El misterio ha quedado resuelto, el
enigma del cable de fibra óptica entre Cuba y Venezuela se ha
desvanecido debido a una indiscreción. El ministro venezolano de Ciencia
y Tecnología afirmó hace pocos días que ya “está absolutamente
operativo” y que dependerá del gobierno de Raúl Castro para qué lo
utiliza. Justo cuando creíamos que el tendido yacía en las profundidades
del mar comido por los tiburones y convertido en morada para los
corales, nos llega una señal de que funciona.
Por el momento, se trata
sólo de palabras, pues no hay evidencias de que a través del cable estén
corriendo los kilobytes, circulando los datos. No se ha abierto ninguna
oficina ofreciendo una conexión doméstica para todo aquel que quiera
contratarla y los precios de una hora de navegación desde un hotel
siguen siendo prohibitivos y abusivos. En los centros laborales y de
estudio las cuotas mensuales para asomarse al ciberespacio continúan
escasas y supervisadas, mientras la prensa oficial no hace alusión
alguna a una inmediata multiplicación por tres mil de nuestro escaso
ancho de banda. El cable está, pero no está; existe pero no es para
nosotros.
Entre la Guaira y Santiago de Cuba
discurre un cordón umbilical que debería convertirnos en un país del
siglo XXI, sacarnos de la minusvalía tecnológica y comunicativa. Cuando
llegó a nuestras costas a principios de 2011, ni los más pesimistas
calcularon que un año después nos mantendríamos en la misma indigencia
de conectividad. No existe un solo argumento válido para postergar por
más tiempo la entrada masiva de los cubanos a la Web, como no sea el
sempiterno miedo de nuestras autoridades al libre flujo informativo.
Cada día que demoran nuestra iniciación como internautas, comprometen el
capital profesional y social de esta nación, nos condenan al último
vagón de la modernidad. Por otro lado, tanto control sólo abre la puerta
a mil y una formas ilegales para que la gente se haga con el contenido
de sitios digitales, blogs, periódicos online. Como mismo las antenas
parabólicas son hoy una realidad que ni los operativos policiales ni las
amenazas en el periódico Granma pueden erradicar, algo similar ocurrirá
con el acceso a la gran telaraña mundial. Las cuentas piratas,
revendidas en el mercado negro por los propios administradores de redes
de instituciones estatales es ya un anticipo de ese ciber clandestinaje.
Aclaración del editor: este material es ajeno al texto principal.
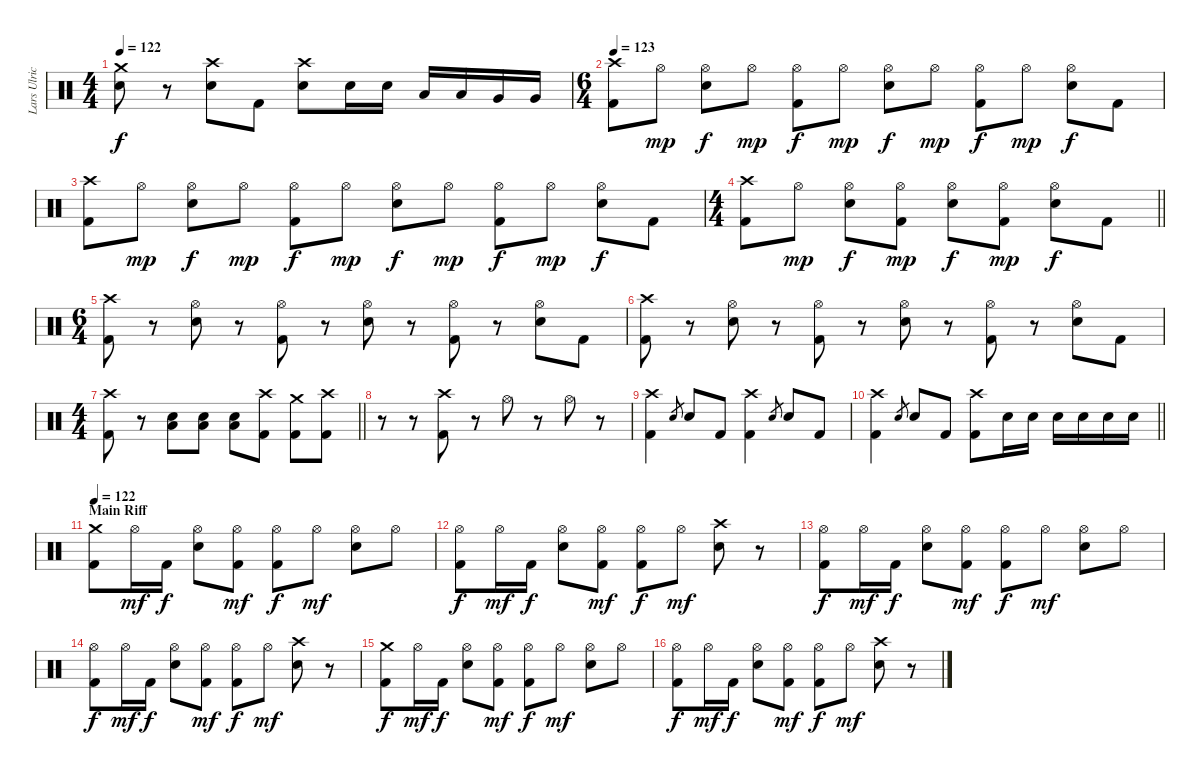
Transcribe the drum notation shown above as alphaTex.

\track ("Lars Ulrich" "Lars Ulric") {instrument percussion}
\staff {score}
\articulation defaults
\ts (4 4)
\tempo 122
\clef neutral
\ks c
("Crash medium (hit)" "Snare (hit) 2").8{dy f} r.8 ("Crash high (hit)" "Snare (hit) 2").8 "Kick (hit) 2".8 ("Crash high (hit)" "Snare (hit) 2").8 "Snare (hit) 2".16 "Snare (hit) 2".16 "Low Tom (hit)".16 "Low Tom (hit)".16 "Very Low Tom (hit)".16 "Very Low Tom (hit)".16 |
\ts (6 4)
\tempo 123
("Crash high (hit)" "Kick (hit) 2").8 "Hi-Hat (open)".8{dy mp} ("Hi-Hat (open)" "Snare (hit) 2").8{dy f} "Hi-Hat (open)".8{dy mp} ("Hi-Hat (open)" "Kick (hit) 2").8{dy f} "Hi-Hat (open)".8{dy mp} ("Hi-Hat (open)" "Snare (hit) 2").8{dy f} "Hi-Hat (open)".8{dy mp} ("Hi-Hat (open)" "Kick (hit) 2").8{dy f} "Hi-Hat (open)".8{dy mp} ("Hi-Hat (open)" "Snare (hit) 2").8{dy f} "Kick (hit) 2".8 |
("Crash high (hit)" "Kick (hit) 2").8 "Hi-Hat (open)".8{dy mp} ("Hi-Hat (open)" "Snare (hit) 2").8{dy f} "Hi-Hat (open)".8{dy mp} ("Hi-Hat (open)" "Kick (hit) 2").8{dy f} "Hi-Hat (open)".8{dy mp} ("Hi-Hat (open)" "Snare (hit) 2").8{dy f} "Hi-Hat (open)".8{dy mp} ("Hi-Hat (open)" "Kick (hit) 2").8{dy f} "Hi-Hat (open)".8{dy mp} ("Hi-Hat (open)" "Snare (hit) 2").8{dy f} "Kick (hit) 2".8 |
\ts (4 4)
\barLineRight lightlight
("Crash high (hit)" "Kick (hit) 2").8 "Hi-Hat (open)".8{dy mp} ("Hi-Hat (open)" "Snare (hit) 2").8{dy f} ("Hi-Hat (open)" "Kick (hit) 2").8{dy mp} ("Hi-Hat (open)" "Snare (hit) 2").8{dy f} ("Hi-Hat (open)" "Kick (hit) 2").8{dy mp} ("Hi-Hat (open)" "Snare (hit) 2").8{dy f} "Kick (hit) 2".8 |
\ts (6 4)
("Crash high (hit)" "Kick (hit) 2").8 r.8 ("Hi-Hat (open)" "Snare (hit) 2").8 r.8 ("Hi-Hat (open)" "Kick (hit) 2").8 r.8 ("Hi-Hat (open)" "Snare (hit) 2").8 r.8 ("Hi-Hat (open)" "Kick (hit) 2").8 r.8 ("Hi-Hat (open)" "Snare (hit) 2").8 "Kick (hit) 2".8 |
("Crash high (hit)" "Kick (hit) 2").8 r.8 ("Hi-Hat (open)" "Snare (hit) 2").8 r.8 ("Hi-Hat (open)" "Kick (hit) 2").8 r.8 ("Hi-Hat (open)" "Snare (hit) 2").8 r.8 ("Hi-Hat (open)" "Kick (hit) 2").8 r.8 ("Hi-Hat (open)" "Snare (hit) 2").8 "Kick (hit) 2".8 |
\ts (4 4)
\barLineRight lightlight
("Crash high (hit)" "Kick (hit) 2").8 r.8 ("Low Floor Tom (hit)" "Snare (hit) 2").8 ("Low Floor Tom (hit)" "Snare (hit) 2").8 ("Low Floor Tom (hit)" "Snare (hit) 2").8 ("Crash high (hit)" "Kick (hit) 2").8 ("Crash medium (hit)" "Kick (hit) 2").8 ("Crash high (hit)" "Kick (hit) 2").8 |
r.8 r.8 ("Crash high (hit)" "Kick (hit) 2").8 r.8 "Hi-Hat (open)".8 r.8 "Hi-Hat (open)".8 r.8 |
("Crash high (hit)" "Kick (hit) 2").4 "Snare (hit) 2".8{gr} "Snare (hit) 2".8 "Kick (hit) 2".8 ("Crash high (hit)" "Kick (hit) 2").4 "Snare (hit) 2".8{gr} "Snare (hit) 2".8 "Kick (hit) 2".8 |
\barLineRight lightlight
("Crash high (hit)" "Kick (hit) 2").4 "Snare (hit) 2".8{gr} "Snare (hit) 2".8 "Kick (hit) 2".8 ("Crash high (hit)" "Kick (hit) 2").8 "Snare (hit) 2".16 "Snare (hit) 2".16 "Snare (hit) 2".16 "Snare (hit) 2".16 "Snare (hit) 2".16 "Snare (hit) 2".16 |
\section ("" "Main Riff")
\tempo 122
("Crash medium (hit)" "Kick (hit) 2").8 "Hi-Hat (open)".16{dy mf} "Kick (hit) 2".16{dy f} ("Hi-Hat (open)" "Snare (hit) 2").8 ("Hi-Hat (open)" "Kick (hit) 2").8{dy mf} ("Hi-Hat (open)" "Kick (hit) 2").8{dy f} "Hi-Hat (open)".8{dy mf} ("Hi-Hat (open)" "Snare (hit) 2").8 "Hi-Hat (open)".8 |
("Hi-Hat (open)" "Kick (hit) 2").8{dy f} "Hi-Hat (open)".16{dy mf} "Kick (hit) 2".16{dy f} ("Hi-Hat (open)" "Snare (hit) 2").8 ("Hi-Hat (open)" "Kick (hit) 2").8{dy mf} ("Hi-Hat (open)" "Kick (hit) 2").8{dy f} "Hi-Hat (open)".8{dy mf} ("Crash high (hit)" "Snare (hit) 2").8 r.8 |
("Hi-Hat (open)" "Kick (hit) 2").8{dy f} "Hi-Hat (open)".16{dy mf} "Kick (hit) 2".16{dy f} ("Hi-Hat (open)" "Snare (hit) 2").8 ("Hi-Hat (open)" "Kick (hit) 2").8{dy mf} ("Hi-Hat (open)" "Kick (hit) 2").8{dy f} "Hi-Hat (open)".8{dy mf} ("Hi-Hat (open)" "Snare (hit) 2").8 "Hi-Hat (open)".8 |
("Hi-Hat (open)" "Kick (hit) 2").8{dy f} "Hi-Hat (open)".16{dy mf} "Kick (hit) 2".16{dy f} ("Hi-Hat (open)" "Snare (hit) 2").8 ("Hi-Hat (open)" "Kick (hit) 2").8{dy mf} ("Hi-Hat (open)" "Kick (hit) 2").8{dy f} "Hi-Hat (open)".8{dy mf} ("Crash high (hit)" "Snare (hit) 2").8 r.8 |
("Crash medium (hit)" "Kick (hit) 2").8{dy f} "Hi-Hat (open)".16{dy mf} "Kick (hit) 2".16{dy f} ("Hi-Hat (open)" "Snare (hit) 2").8 ("Hi-Hat (open)" "Kick (hit) 2").8{dy mf} ("Hi-Hat (open)" "Kick (hit) 2").8{dy f} "Hi-Hat (open)".8{dy mf} ("Hi-Hat (open)" "Snare (hit) 2").8 "Hi-Hat (open)".8 |
("Hi-Hat (open)" "Kick (hit) 2").8{dy f} "Hi-Hat (open)".16{dy mf} "Kick (hit) 2".16{dy f} ("Hi-Hat (open)" "Snare (hit) 2").8 ("Hi-Hat (open)" "Kick (hit) 2").8{dy mf} ("Hi-Hat (open)" "Kick (hit) 2").8{dy f} "Hi-Hat (open)".8{dy mf} ("Crash high (hit)" "Snare (hit) 2").8 r.8

En medio de tantos llamados a la
transparencia informativa, resulta paradójico que uno de los temas más
acuciantes de nuestra vida nacional sigue sumido en el secretismo.
Penoso también, para los periodistas oficiales, el que un funcionario de
un gobierno extranjero sea la única persona que haya aludido al estado
actual de tan costoso tendido. Pero más triste aún es que Internet sea
el nuevo campo de batalla del gobierno cubano y el cable de fibra óptica
el arma –selectiva y escondida- de su guerra mediática.